Imagine if bridges, tunnels and locks had their own digital profiles, just like your Netflix profile. This may sound humorous, but there is indeed a similarity between you, that bridge, that tunnel and that lock. Whether you are human, or a work of art, untold amounts of data about you are now being collected by stakeholders. Netflix uses your data to feed your profile. Based on that profile, it categorizes you into groups, into subgroups, and again into sub-subgroups. With that data, predictive action is taken. So you get movies and series suggested within your interest profile. Indeed, Netflix invests a lot of money in making its own movies and series, but not without the certainty in advance that it can predict that the production in question will do well with large audiences. Data is the fuel for the processes (the engine) by which we create value. It is so at Netflix and it is so in the GWW.
We work with a lot of types of data. Analog data from the past (paper), digital data from the past, digital data from today, real-time data, data from sensors, data from outside the organization ... we can go on and on. And each time we integrate data sets, new algorithms are written and we have a unique outcome, to which conclusions can be drawn. Over and over again. We have been talking within digitalization in infra for some time about the need for standard language. In tenders, parties are often looking for the same data, for example about the condition of assets. A lot of the same work is being done. That is why standard solutions are increasingly being sought within projects. That saves time and money. If we can go to standard solutions, a logical step beforehand would be profiling by object type.
Profiles contribute to standardization and are an important part of working smarter. Customization is allowed within a profile, but only when something cannot be done with a standard solution. We already do a lot with the same data that we now obtain from assets, including performing maintenance at exactly the right time (predictive maintenance). Everything that can be predicted delivers benefits in terms of time, planning, availability, money, preventing disruption, et cetera. With smart profiles that we assign to assets, we can work faster, spend less time collecting data and may be able to work with less data, but we work faster, more efficiently and have the advantage of more exchangeability.

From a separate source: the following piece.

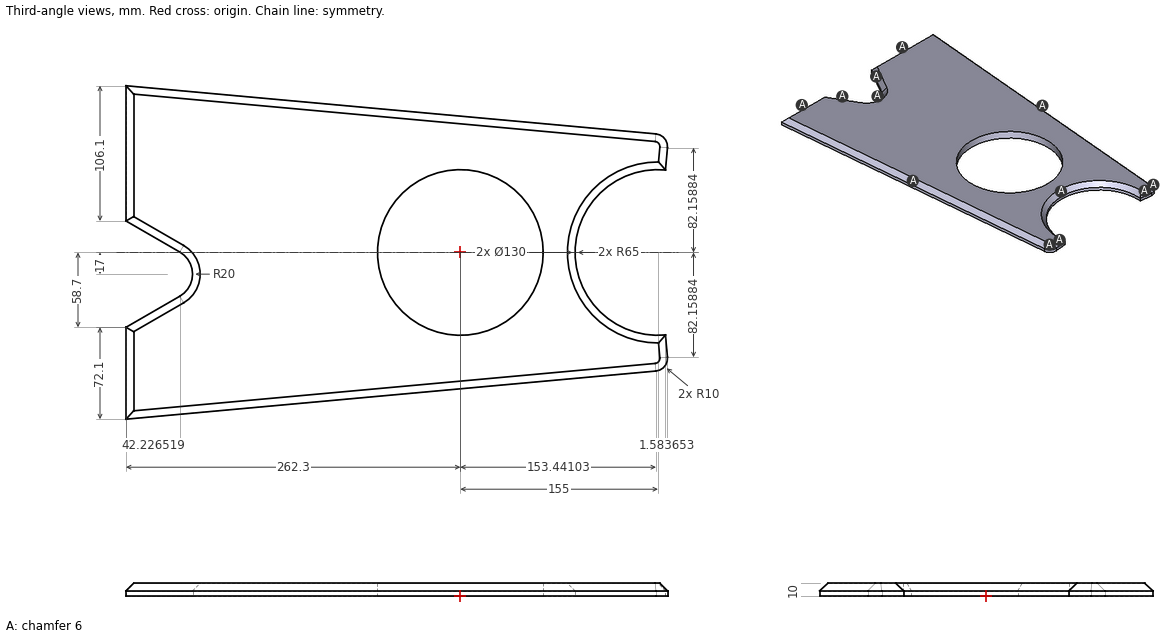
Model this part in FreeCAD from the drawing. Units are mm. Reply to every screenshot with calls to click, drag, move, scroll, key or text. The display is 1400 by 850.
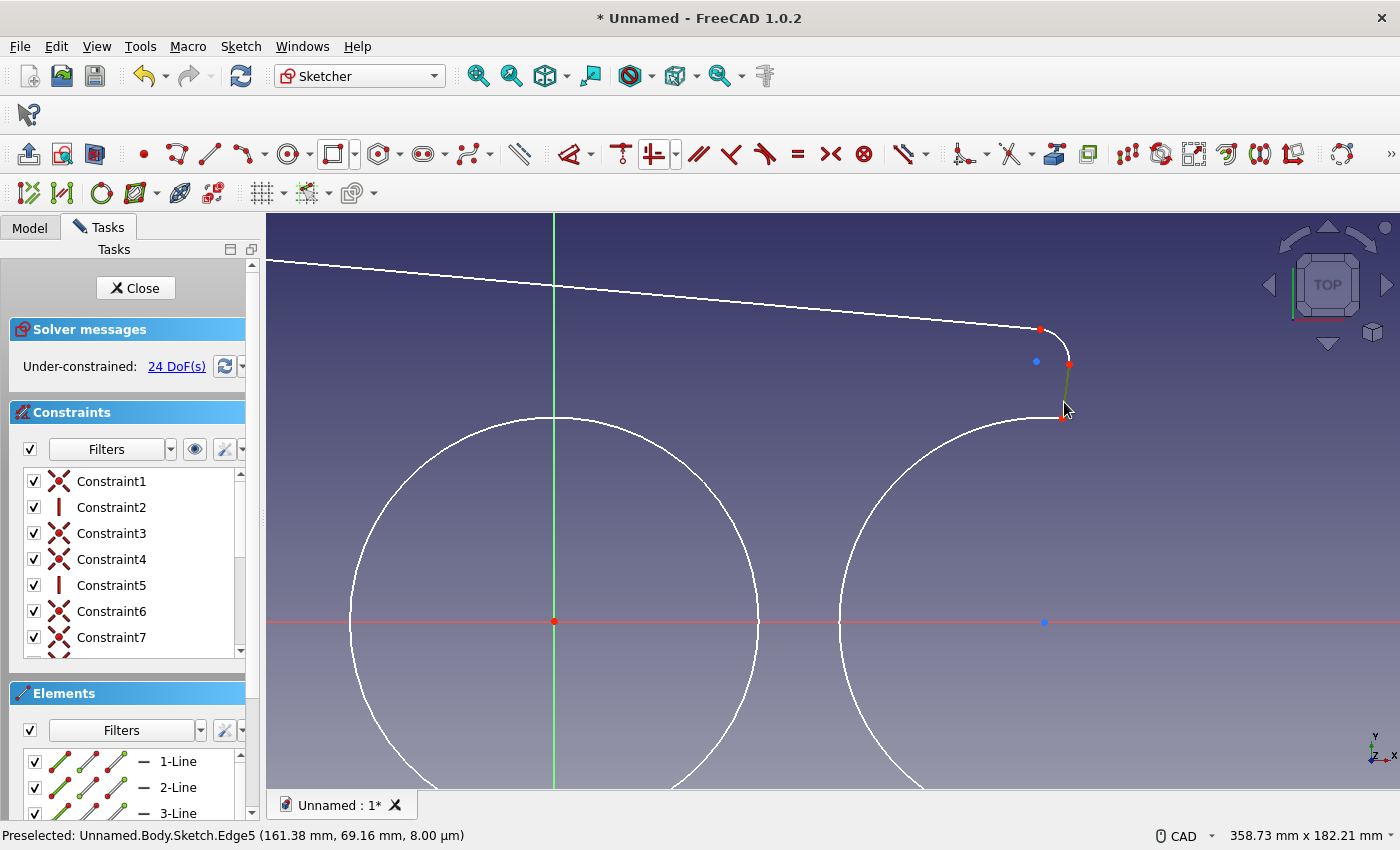
click(1067, 350)

We will have to -also European- cooperate more, standardize data and really start working together. Without the right digitalization, we are not going to achieve the 2030 and 2050 goals, is my thought. There is a profound desire to digitize in the infra, but we are far from knowing what opportunities digital transformation can offer us. Let's focus on that. And the conclusion that it is all very complex, that has been drawn too often and has no value as a conclusion. That should never be the killer to stop exploring or experimenting.
So more consultation is needed and everyone should be aware that digitization is the 'enabler' for the agility we need to achieve the goals together. Let me conclude by saying that by now the discussion is no longer about who owns specific data, but more about who owns the algorithms with which we crunch the numbers. After all, money has to be made. That is why it is good to also investigate new revenue models, so that the sharing of knowledge is more stimulated. So where does the distinction lie? It is in the people behind the innovations. Before something is available digitally as a solution, it was in someone's head. Innovating and coming up with solutions to problems is an "ongoing process" because everything around us changes: by people, for people.